WORK ITEM: Write out again, exactly, the lines below starting at the one with "1) pallet truck" and ending at the one with "14) person from (1107, 232) to (1115, 274)".

※ ※ ※

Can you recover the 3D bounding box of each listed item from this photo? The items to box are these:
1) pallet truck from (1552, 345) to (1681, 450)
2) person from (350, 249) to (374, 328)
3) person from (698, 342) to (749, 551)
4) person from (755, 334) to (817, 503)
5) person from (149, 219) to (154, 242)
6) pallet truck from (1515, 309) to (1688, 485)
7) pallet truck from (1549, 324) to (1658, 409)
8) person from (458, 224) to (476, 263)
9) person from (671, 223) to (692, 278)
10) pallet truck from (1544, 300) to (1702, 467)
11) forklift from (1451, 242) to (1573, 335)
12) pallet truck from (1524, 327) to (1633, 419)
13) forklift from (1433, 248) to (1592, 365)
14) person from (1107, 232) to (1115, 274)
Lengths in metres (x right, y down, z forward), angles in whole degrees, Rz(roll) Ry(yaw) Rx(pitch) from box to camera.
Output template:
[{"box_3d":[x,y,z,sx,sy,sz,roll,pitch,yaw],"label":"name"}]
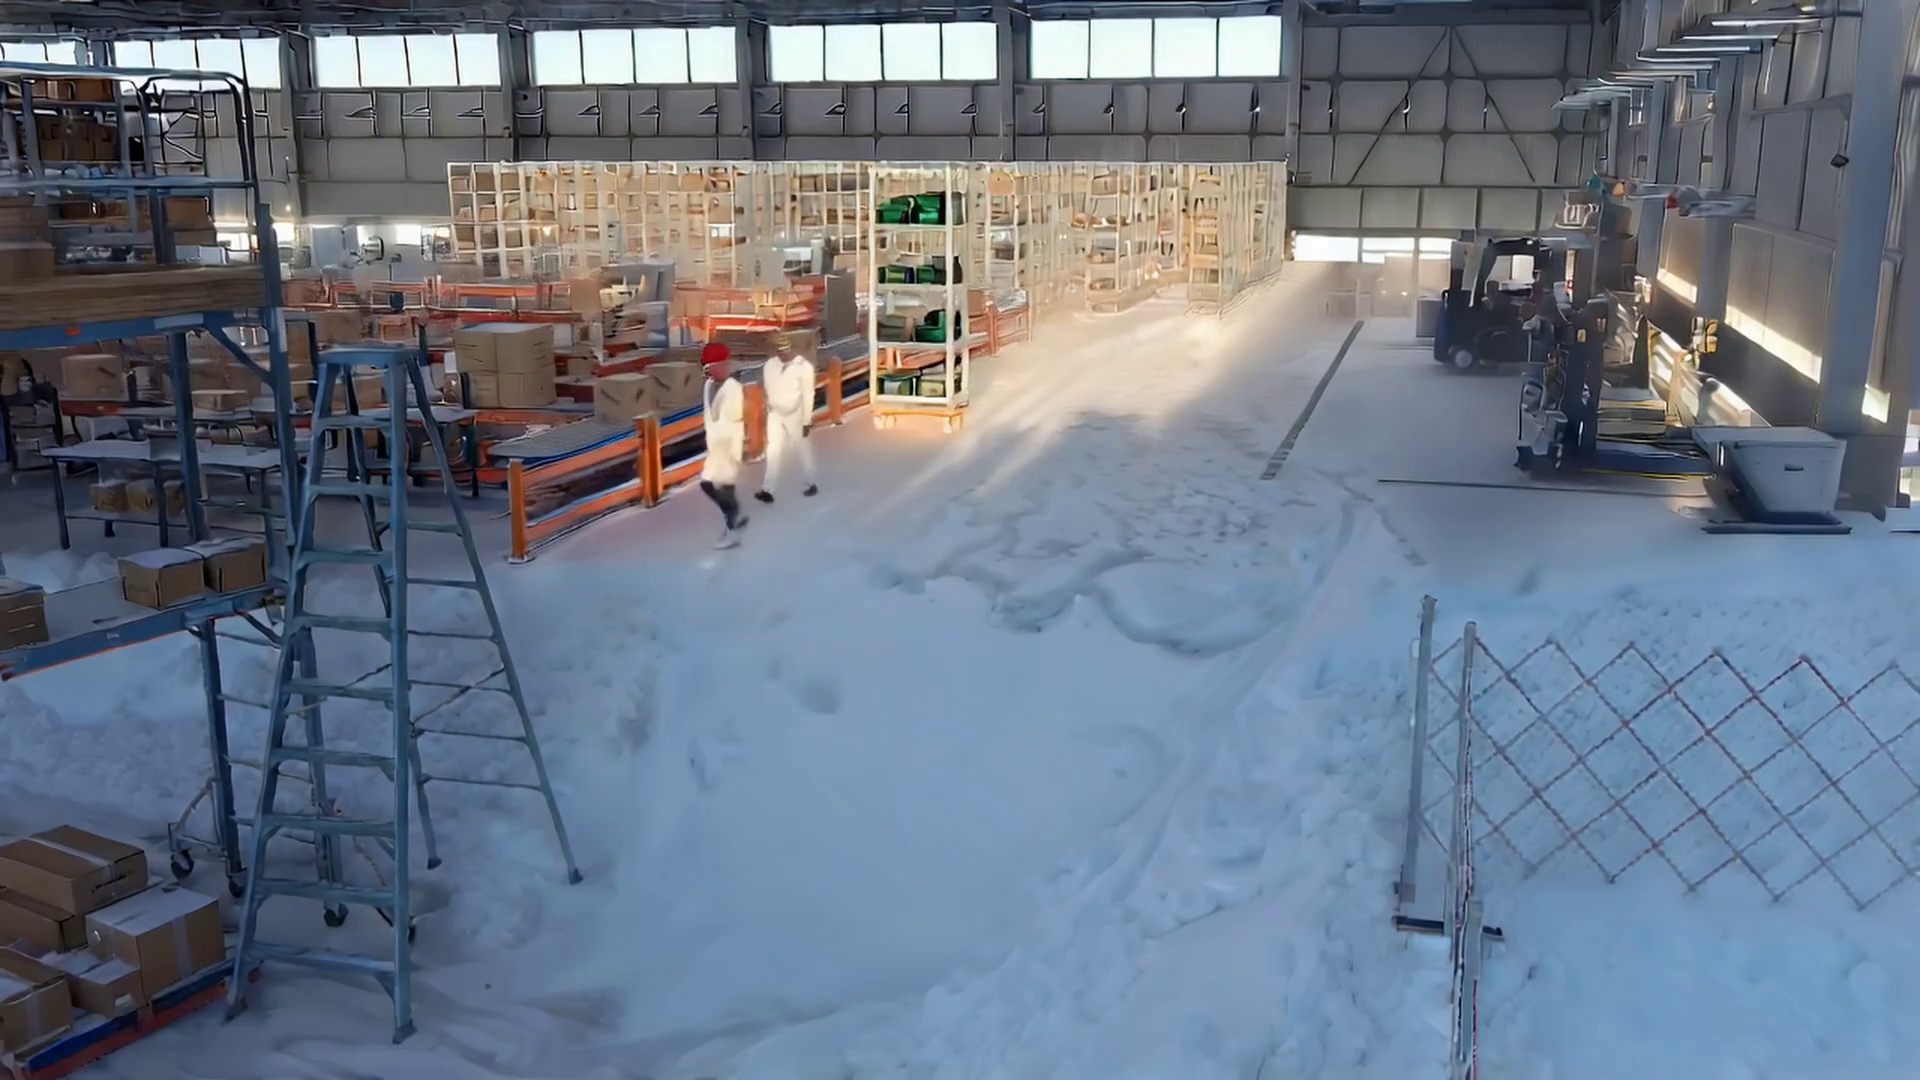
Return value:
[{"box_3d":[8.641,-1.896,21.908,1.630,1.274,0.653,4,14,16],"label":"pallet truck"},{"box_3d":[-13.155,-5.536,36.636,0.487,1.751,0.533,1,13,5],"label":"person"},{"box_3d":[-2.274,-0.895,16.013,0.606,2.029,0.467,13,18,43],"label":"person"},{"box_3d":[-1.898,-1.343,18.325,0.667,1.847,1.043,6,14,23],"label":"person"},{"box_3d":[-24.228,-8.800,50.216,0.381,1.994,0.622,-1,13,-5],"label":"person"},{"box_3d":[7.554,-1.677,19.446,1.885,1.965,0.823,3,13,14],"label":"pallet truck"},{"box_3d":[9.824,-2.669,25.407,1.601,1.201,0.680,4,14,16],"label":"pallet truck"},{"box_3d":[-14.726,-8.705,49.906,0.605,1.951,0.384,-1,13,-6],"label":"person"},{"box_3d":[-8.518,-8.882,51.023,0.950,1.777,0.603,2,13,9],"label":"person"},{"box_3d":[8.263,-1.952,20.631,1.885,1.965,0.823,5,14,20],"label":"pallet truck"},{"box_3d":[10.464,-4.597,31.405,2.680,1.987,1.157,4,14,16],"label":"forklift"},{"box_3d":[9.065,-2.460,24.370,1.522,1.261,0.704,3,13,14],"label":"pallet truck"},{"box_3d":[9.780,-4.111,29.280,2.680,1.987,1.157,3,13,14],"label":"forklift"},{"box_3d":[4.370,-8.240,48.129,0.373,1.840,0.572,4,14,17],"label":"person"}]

※ ※ ※

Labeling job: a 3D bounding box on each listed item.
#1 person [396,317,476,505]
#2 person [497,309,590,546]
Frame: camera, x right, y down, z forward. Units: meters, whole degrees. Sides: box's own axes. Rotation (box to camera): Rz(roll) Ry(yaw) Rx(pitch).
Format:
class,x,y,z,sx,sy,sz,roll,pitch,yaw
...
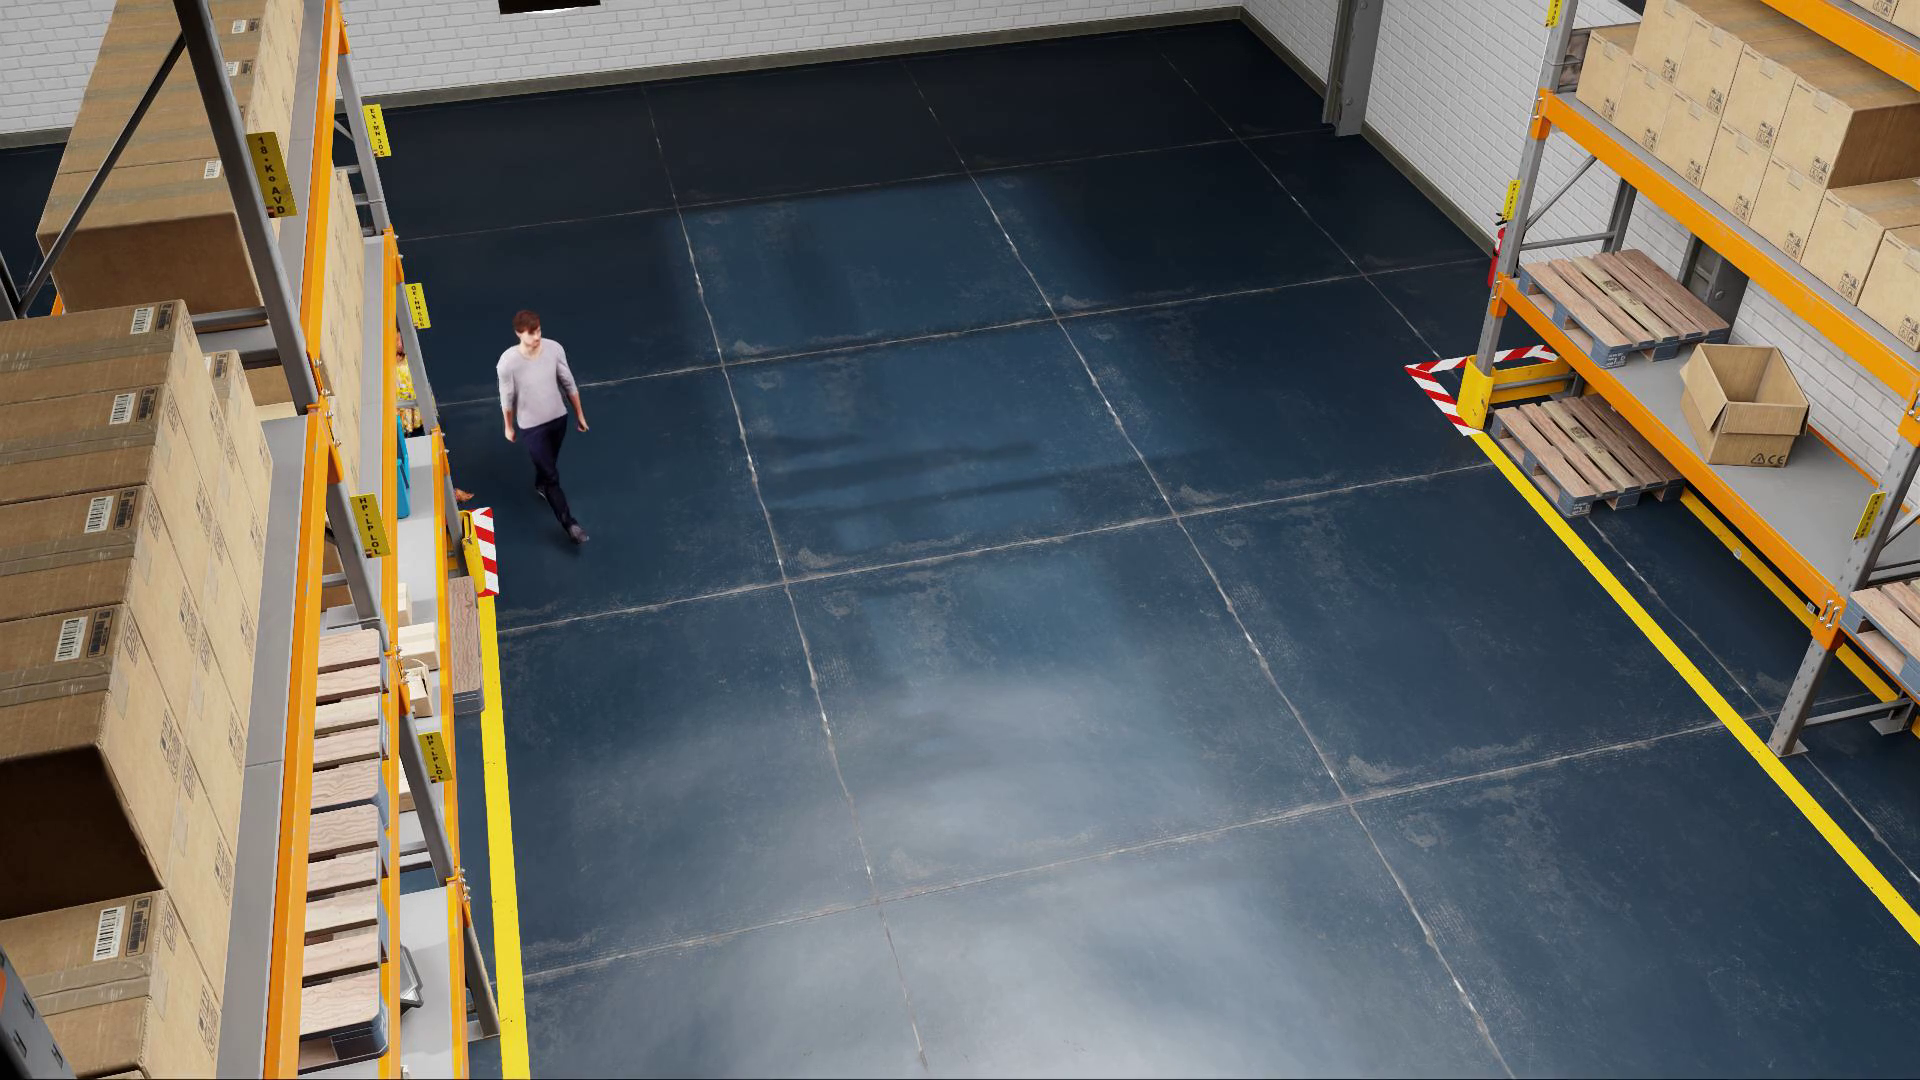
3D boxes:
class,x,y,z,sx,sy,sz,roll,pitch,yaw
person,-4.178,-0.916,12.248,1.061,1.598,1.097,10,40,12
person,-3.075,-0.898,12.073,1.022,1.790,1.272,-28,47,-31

※ ※ ※

SOLVED EXERCISE:
1) pallet truck from (1552, 345) to (1681, 450)
2) person from (350, 249) to (374, 328)
3) person from (698, 342) to (749, 551)
4) person from (755, 334) to (817, 503)
5) person from (149, 219) to (154, 242)
6) pallet truck from (1515, 309) to (1688, 485)
7) pallet truck from (1549, 324) to (1658, 409)
8) person from (458, 224) to (476, 263)
9) person from (671, 223) to (692, 278)
10) pallet truck from (1544, 300) to (1702, 467)
11) forklift from (1451, 242) to (1573, 335)
12) pallet truck from (1524, 327) to (1633, 419)
13) forklift from (1433, 248) to (1592, 365)
14) person from (1107, 232) to (1115, 274)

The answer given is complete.